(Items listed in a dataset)
------------------------------------------------
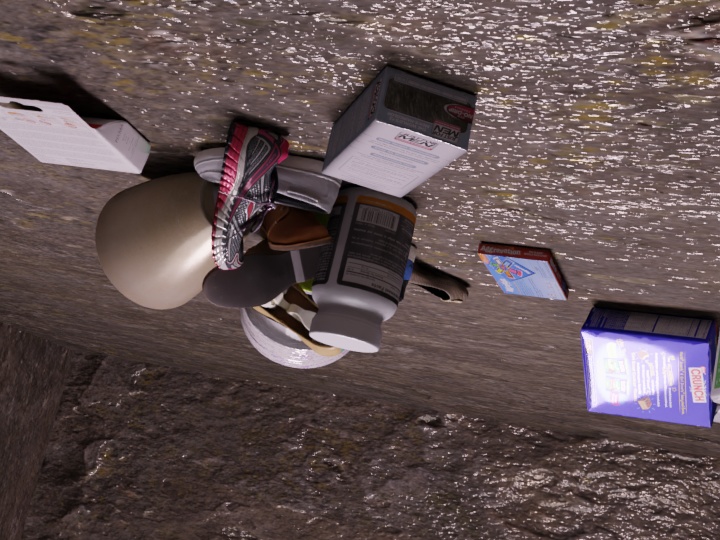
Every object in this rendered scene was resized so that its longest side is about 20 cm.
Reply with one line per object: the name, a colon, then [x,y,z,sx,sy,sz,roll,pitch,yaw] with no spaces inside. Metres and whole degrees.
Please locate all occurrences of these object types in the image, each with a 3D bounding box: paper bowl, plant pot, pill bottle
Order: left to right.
plant pot: [-0.238,-0.062,1.481,0.187,0.188,0.200,22,150,-34]
paper bowl: [-0.088,0.044,1.679,0.200,0.201,0.104,13,144,0]
pill bottle: [0.000,0.000,1.408,0.116,0.200,0.116,13,167,3]

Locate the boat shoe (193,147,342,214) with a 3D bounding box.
boat shoe: [-0.123,-0.109,1.358,0.199,0.069,0.072,10,166,9]

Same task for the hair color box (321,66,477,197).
hair color box: [0.036,-0.139,1.116,0.099,0.061,0.200,16,167,-14]

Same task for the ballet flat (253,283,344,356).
ballet flat: [-0.098,0.044,1.470,0.200,0.069,0.063,35,171,0]

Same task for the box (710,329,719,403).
box: [0.575,0.092,1.321,0.200,0.172,0.199,14,166,-3]

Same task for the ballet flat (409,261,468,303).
ballet flat: [0.102,0.021,1.721,0.067,0.046,0.200,1,162,43]

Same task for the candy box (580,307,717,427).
candy box: [0.462,0.153,1.694,0.200,0.077,0.169,6,124,27]

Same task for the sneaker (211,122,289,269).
sneaker: [-0.139,-0.081,1.297,0.074,0.081,0.200,10,128,-9]

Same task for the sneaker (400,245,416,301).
sneaker: [-0.021,-0.005,1.591,0.200,0.111,0.077,16,166,-14]

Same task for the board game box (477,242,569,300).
board game box: [0.245,0.004,1.582,0.103,0.019,0.200,6,165,20]

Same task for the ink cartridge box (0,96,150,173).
ink cartridge box: [-0.380,-0.188,1.338,0.161,0.050,0.200,8,162,18]

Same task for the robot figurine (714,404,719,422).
robot figurine: [0.588,0.189,1.806,0.199,0.125,0.150,10,142,9]

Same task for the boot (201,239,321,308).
boot: [-0.135,-0.004,1.431,0.200,0.074,0.075,-20,-150,-34]

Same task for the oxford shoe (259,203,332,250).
oxford shoe: [-0.094,-0.069,1.400,0.071,0.071,0.200,-11,-163,-22]

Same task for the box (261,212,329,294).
box: [-0.043,-0.022,1.520,0.200,0.122,0.048,12,176,8]

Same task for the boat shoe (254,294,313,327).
boat shoe: [-0.083,0.061,1.551,0.200,0.069,0.057,14,-150,21]
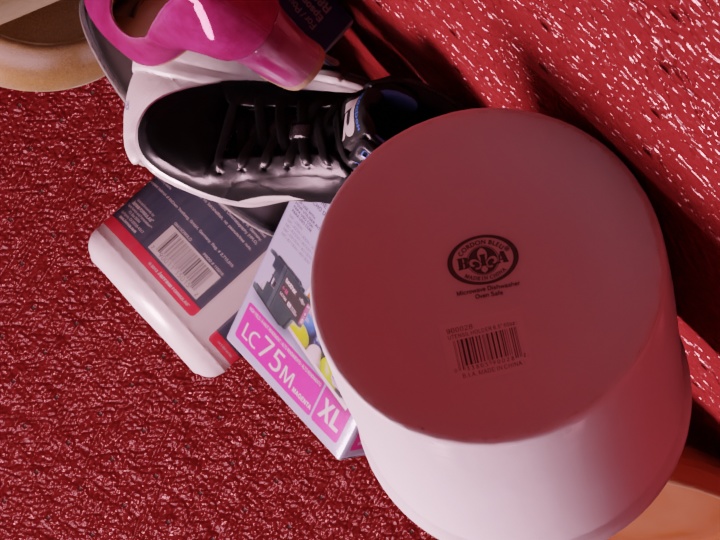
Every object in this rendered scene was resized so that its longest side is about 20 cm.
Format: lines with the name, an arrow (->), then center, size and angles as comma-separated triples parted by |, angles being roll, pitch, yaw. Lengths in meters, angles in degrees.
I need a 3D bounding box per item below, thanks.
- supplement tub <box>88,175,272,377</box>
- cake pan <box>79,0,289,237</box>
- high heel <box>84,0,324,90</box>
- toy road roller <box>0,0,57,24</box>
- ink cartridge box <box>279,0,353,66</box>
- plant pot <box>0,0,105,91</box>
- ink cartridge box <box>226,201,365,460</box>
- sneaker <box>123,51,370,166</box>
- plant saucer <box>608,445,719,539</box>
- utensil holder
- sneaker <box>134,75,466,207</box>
supplement tub -> -0.084, -0.034, 1.691 | 0.140, 0.200, 0.140 | 47, 175, 5
cake pan -> -0.092, -0.108, 1.451 | 0.200, 0.037, 0.200 | 46, -165, -16
high heel -> -0.109, -0.148, 1.237 | 0.096, 0.067, 0.200 | 36, 177, -42
toy road roller -> -0.245, -0.266, 1.459 | 0.146, 0.123, 0.200 | 45, 153, 43
ink cartridge box -> -0.090, -0.204, 1.316 | 0.200, 0.041, 0.200 | 47, 175, -19
plant pot -> -0.218, -0.217, 1.540 | 0.200, 0.200, 0.027 | 48, 153, -5
ink cartridge box -> 0.000, 0.000, 1.385 | 0.042, 0.200, 0.119 | -9, -135, -47
sneaker -> -0.042, -0.078, 1.329 | 0.200, 0.087, 0.075 | 14, -179, 9
plant saucer -> 0.158, 0.146, 1.409 | 0.200, 0.037, 0.200 | 8, 153, 4
utensil holder -> 0.068, 0.032, 1.093 | 0.170, 0.170, 0.200 | 46, 172, 21
sneaker -> -0.022, -0.076, 1.229 | 0.200, 0.073, 0.112 | 9, 165, 1
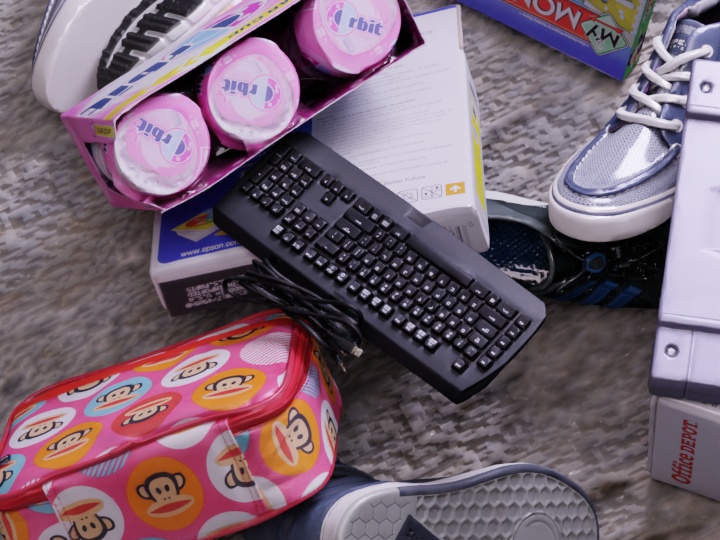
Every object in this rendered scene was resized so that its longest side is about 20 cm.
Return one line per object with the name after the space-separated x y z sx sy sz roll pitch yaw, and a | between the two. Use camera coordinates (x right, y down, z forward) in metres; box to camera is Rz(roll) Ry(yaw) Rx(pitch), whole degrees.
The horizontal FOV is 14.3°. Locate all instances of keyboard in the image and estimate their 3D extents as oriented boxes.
0.000 0.000 1.602 0.200 0.040 0.104 35 76 26 | keyboard

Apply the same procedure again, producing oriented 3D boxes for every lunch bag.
-0.109 0.095 1.649 0.199 0.176 0.082 -19 108 11 | lunch bag

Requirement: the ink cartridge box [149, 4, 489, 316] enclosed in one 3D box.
-0.025 -0.066 1.729 0.196 0.047 0.201 -13 36 10 | ink cartridge box

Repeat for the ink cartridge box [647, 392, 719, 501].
0.269 0.092 1.625 0.199 0.145 0.084 19 70 11 | ink cartridge box

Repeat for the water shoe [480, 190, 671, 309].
0.132 -0.004 1.699 0.199 0.079 0.072 2 109 12 | water shoe

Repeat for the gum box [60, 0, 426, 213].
-0.074 -0.108 1.681 0.199 0.113 0.066 -34 104 -15 | gum box

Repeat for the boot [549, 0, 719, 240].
0.175 -0.098 1.680 0.072 0.091 0.200 19 38 29 | boot

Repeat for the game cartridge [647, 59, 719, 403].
0.234 -0.019 1.581 0.129 0.038 0.201 5 65 10 | game cartridge

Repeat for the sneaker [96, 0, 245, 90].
-0.075 -0.159 1.778 0.200 0.080 0.074 -40 29 -8 | sneaker

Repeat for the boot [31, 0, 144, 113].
-0.166 -0.196 1.817 0.090 0.073 0.201 24 77 37 | boot

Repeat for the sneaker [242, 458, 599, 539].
0.026 0.147 1.663 0.201 0.146 0.078 5 86 -36 | sneaker

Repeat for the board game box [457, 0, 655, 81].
0.093 -0.214 1.760 0.199 0.135 0.029 27 46 14 | board game box
------------------------------------------------
▶ [Task goal]: Set down the records precisely as they appear. Any picture stays out.

▶ [Answer to this problem]:
Every object in this rendered scene was resized so that its longest side is about 20 cm.
Reply with one line per object: the name, a colon, then [x,y,z,sx,sy,sz,roll,pitch,yaw] with no spaces inside. Metres and whole degrees.
Please locate all occurrences of these object types in the image, each with a 3D bounding box: paper bowl, plant pot, pill bottle
Order: left to right.
plant pot: [-0.238,-0.062,1.481,0.187,0.188,0.200,22,150,-34]
paper bowl: [-0.088,0.044,1.679,0.200,0.201,0.104,13,144,0]
pill bottle: [0.000,0.000,1.408,0.116,0.200,0.116,13,167,3]

Locate the boat shoe (193,147,342,214) with a 3D bounding box.
boat shoe: [-0.123,-0.109,1.358,0.199,0.069,0.072,10,166,9]

Same task for the hair color box (321,66,477,197).
hair color box: [0.036,-0.139,1.116,0.099,0.061,0.200,16,167,-14]

Same task for the ballet flat (253,283,344,356).
ballet flat: [-0.098,0.044,1.470,0.200,0.069,0.063,35,171,0]

Same task for the box (710,329,719,403).
box: [0.575,0.092,1.321,0.200,0.172,0.199,14,166,-3]

Same task for the ballet flat (409,261,468,303).
ballet flat: [0.102,0.021,1.721,0.067,0.046,0.200,1,162,43]

Same task for the candy box (580,307,717,427).
candy box: [0.462,0.153,1.694,0.200,0.077,0.169,6,124,27]

Same task for the sneaker (211,122,289,269).
sneaker: [-0.139,-0.081,1.297,0.074,0.081,0.200,10,128,-9]

Same task for the sneaker (400,245,416,301).
sneaker: [-0.021,-0.005,1.591,0.200,0.111,0.077,16,166,-14]

Same task for the board game box (477,242,569,300).
board game box: [0.245,0.004,1.582,0.103,0.019,0.200,6,165,20]

Same task for the ink cartridge box (0,96,150,173).
ink cartridge box: [-0.380,-0.188,1.338,0.161,0.050,0.200,8,162,18]

Same task for the robot figurine (714,404,719,422).
robot figurine: [0.588,0.189,1.806,0.199,0.125,0.150,10,142,9]

Same task for the boot (201,239,321,308).
boot: [-0.135,-0.004,1.431,0.200,0.074,0.075,-20,-150,-34]

Same task for the oxford shoe (259,203,332,250).
oxford shoe: [-0.094,-0.069,1.400,0.071,0.071,0.200,-11,-163,-22]

Same task for the box (261,212,329,294).
box: [-0.043,-0.022,1.520,0.200,0.122,0.048,12,176,8]

Same task for the boat shoe (254,294,313,327).
boat shoe: [-0.083,0.061,1.551,0.200,0.069,0.057,14,-150,21]
Every object in this rendered scene was resized so that its longest side is about 20 cm.
Format: lines with the name, an arrow (->), then center, size and angles as comma-separated triples parted by |, angles being roll, pitch, yaw. Lengths in meters, angles in degrees.
I need a 3D bounding box per item below, thanks.
- supplement tub <box>88,175,272,377</box>
- cake pan <box>79,0,289,237</box>
- high heel <box>84,0,324,90</box>
- toy road roller <box>0,0,57,24</box>
- ink cartridge box <box>279,0,353,66</box>
- plant pot <box>0,0,105,91</box>
- ink cartridge box <box>226,201,365,460</box>
- sneaker <box>123,51,370,166</box>
- plant saucer <box>608,445,719,539</box>
- utensil holder
- sneaker <box>134,75,466,207</box>
supplement tub -> -0.084, -0.034, 1.691 | 0.140, 0.200, 0.140 | 47, 175, 5
cake pan -> -0.092, -0.108, 1.451 | 0.200, 0.037, 0.200 | 46, -165, -16
high heel -> -0.109, -0.148, 1.237 | 0.096, 0.067, 0.200 | 36, 177, -42
toy road roller -> -0.245, -0.266, 1.459 | 0.146, 0.123, 0.200 | 45, 153, 43
ink cartridge box -> -0.090, -0.204, 1.316 | 0.200, 0.041, 0.200 | 47, 175, -19
plant pot -> -0.218, -0.217, 1.540 | 0.200, 0.200, 0.027 | 48, 153, -5
ink cartridge box -> 0.000, 0.000, 1.385 | 0.042, 0.200, 0.119 | -9, -135, -47
sneaker -> -0.042, -0.078, 1.329 | 0.200, 0.087, 0.075 | 14, -179, 9
plant saucer -> 0.158, 0.146, 1.409 | 0.200, 0.037, 0.200 | 8, 153, 4
utensil holder -> 0.068, 0.032, 1.093 | 0.170, 0.170, 0.200 | 46, 172, 21
sneaker -> -0.022, -0.076, 1.229 | 0.200, 0.073, 0.112 | 9, 165, 1
Every object in this rendered scene was resized so that its longest side is about 20 cm.
Return one line per object with the name after the space-separated x y z sx sy sz roll pitch yaw, and a | between the two. Use camera coordinates (x right, y down, z forward) in metres; box to camera is Rz(roll) Ry(yaw) Rx(pitch), whole degrees.
The horizontal FOV is 14.3°. Locate all instances of keyboard in the image and estimate their 3D extents as oriented boxes.
0.000 0.000 1.602 0.200 0.040 0.104 35 76 26 | keyboard

Apply the same procedure again, producing oriented 3D boxes for every lunch bag.
-0.109 0.095 1.649 0.199 0.176 0.082 -19 108 11 | lunch bag

Requirement: the ink cartridge box [149, 4, 489, 316] enclosed in one 3D box.
-0.025 -0.066 1.729 0.196 0.047 0.201 -13 36 10 | ink cartridge box

Repeat for the ink cartridge box [647, 392, 719, 501].
0.269 0.092 1.625 0.199 0.145 0.084 19 70 11 | ink cartridge box

Repeat for the water shoe [480, 190, 671, 309].
0.132 -0.004 1.699 0.199 0.079 0.072 2 109 12 | water shoe

Repeat for the gum box [60, 0, 426, 213].
-0.074 -0.108 1.681 0.199 0.113 0.066 -34 104 -15 | gum box

Repeat for the boot [549, 0, 719, 240].
0.175 -0.098 1.680 0.072 0.091 0.200 19 38 29 | boot

Repeat for the game cartridge [647, 59, 719, 403].
0.234 -0.019 1.581 0.129 0.038 0.201 5 65 10 | game cartridge

Repeat for the sneaker [96, 0, 245, 90].
-0.075 -0.159 1.778 0.200 0.080 0.074 -40 29 -8 | sneaker

Repeat for the boot [31, 0, 144, 113].
-0.166 -0.196 1.817 0.090 0.073 0.201 24 77 37 | boot

Repeat for the sneaker [242, 458, 599, 539].
0.026 0.147 1.663 0.201 0.146 0.078 5 86 -36 | sneaker

Repeat for the board game box [457, 0, 655, 81].
0.093 -0.214 1.760 0.199 0.135 0.029 27 46 14 | board game box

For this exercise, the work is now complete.